The answer must consist of every line below that holds the word "degrees".
== DATA FOR PROCESSING ==
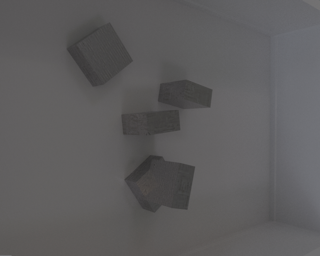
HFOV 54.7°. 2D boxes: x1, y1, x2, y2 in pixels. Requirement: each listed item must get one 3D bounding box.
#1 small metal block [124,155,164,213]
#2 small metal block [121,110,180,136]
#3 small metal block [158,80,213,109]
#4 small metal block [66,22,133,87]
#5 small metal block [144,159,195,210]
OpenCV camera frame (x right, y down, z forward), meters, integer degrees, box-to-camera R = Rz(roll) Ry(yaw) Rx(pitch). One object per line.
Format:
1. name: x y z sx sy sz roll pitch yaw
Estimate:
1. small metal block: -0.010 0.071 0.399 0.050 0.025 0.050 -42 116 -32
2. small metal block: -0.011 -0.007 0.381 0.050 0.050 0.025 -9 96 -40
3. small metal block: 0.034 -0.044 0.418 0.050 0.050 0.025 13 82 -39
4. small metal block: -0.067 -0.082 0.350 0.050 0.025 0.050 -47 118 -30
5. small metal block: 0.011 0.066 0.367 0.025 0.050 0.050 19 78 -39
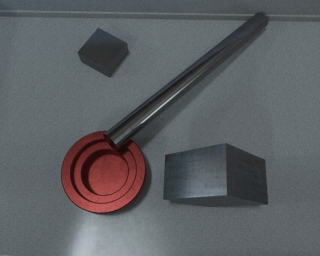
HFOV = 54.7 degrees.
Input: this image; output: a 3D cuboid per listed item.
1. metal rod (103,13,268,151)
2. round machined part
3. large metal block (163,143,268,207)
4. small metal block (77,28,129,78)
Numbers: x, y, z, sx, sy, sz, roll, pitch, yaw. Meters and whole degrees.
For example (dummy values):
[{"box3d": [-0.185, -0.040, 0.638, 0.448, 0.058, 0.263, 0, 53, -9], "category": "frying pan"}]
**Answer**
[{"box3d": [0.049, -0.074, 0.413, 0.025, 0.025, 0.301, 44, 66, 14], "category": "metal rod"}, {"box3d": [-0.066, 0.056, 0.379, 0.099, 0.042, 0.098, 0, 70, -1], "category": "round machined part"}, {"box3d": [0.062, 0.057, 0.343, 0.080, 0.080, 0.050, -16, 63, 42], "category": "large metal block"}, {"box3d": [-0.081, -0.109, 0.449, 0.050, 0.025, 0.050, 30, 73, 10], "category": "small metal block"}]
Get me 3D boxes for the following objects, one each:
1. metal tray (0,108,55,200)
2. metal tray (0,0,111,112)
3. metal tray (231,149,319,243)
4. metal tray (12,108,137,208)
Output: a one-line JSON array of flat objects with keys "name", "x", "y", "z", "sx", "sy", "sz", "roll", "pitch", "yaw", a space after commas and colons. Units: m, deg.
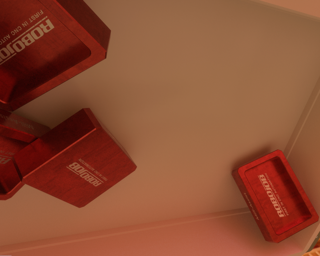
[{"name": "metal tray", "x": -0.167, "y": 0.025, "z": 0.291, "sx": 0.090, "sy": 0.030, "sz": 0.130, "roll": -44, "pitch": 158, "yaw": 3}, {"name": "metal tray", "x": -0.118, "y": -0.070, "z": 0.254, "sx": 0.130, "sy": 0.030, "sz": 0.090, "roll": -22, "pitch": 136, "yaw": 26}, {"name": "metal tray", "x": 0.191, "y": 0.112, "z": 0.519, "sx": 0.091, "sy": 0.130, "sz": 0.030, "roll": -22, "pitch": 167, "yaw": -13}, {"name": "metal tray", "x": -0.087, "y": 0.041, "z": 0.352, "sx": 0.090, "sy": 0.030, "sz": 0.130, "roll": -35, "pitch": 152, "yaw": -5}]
===
● ANSWER:
OpenCV camera frame (x right, y down, z forward), meters, integer degrees, box-to-camera R = Rz(roll) Ry(yaw) Rx(pitch). One object per line.
HFOV = 54.7 degrees.
Numbers: x, y, z, sx, sy, sz, roll, pitch, yaw. Meters and whole degrees.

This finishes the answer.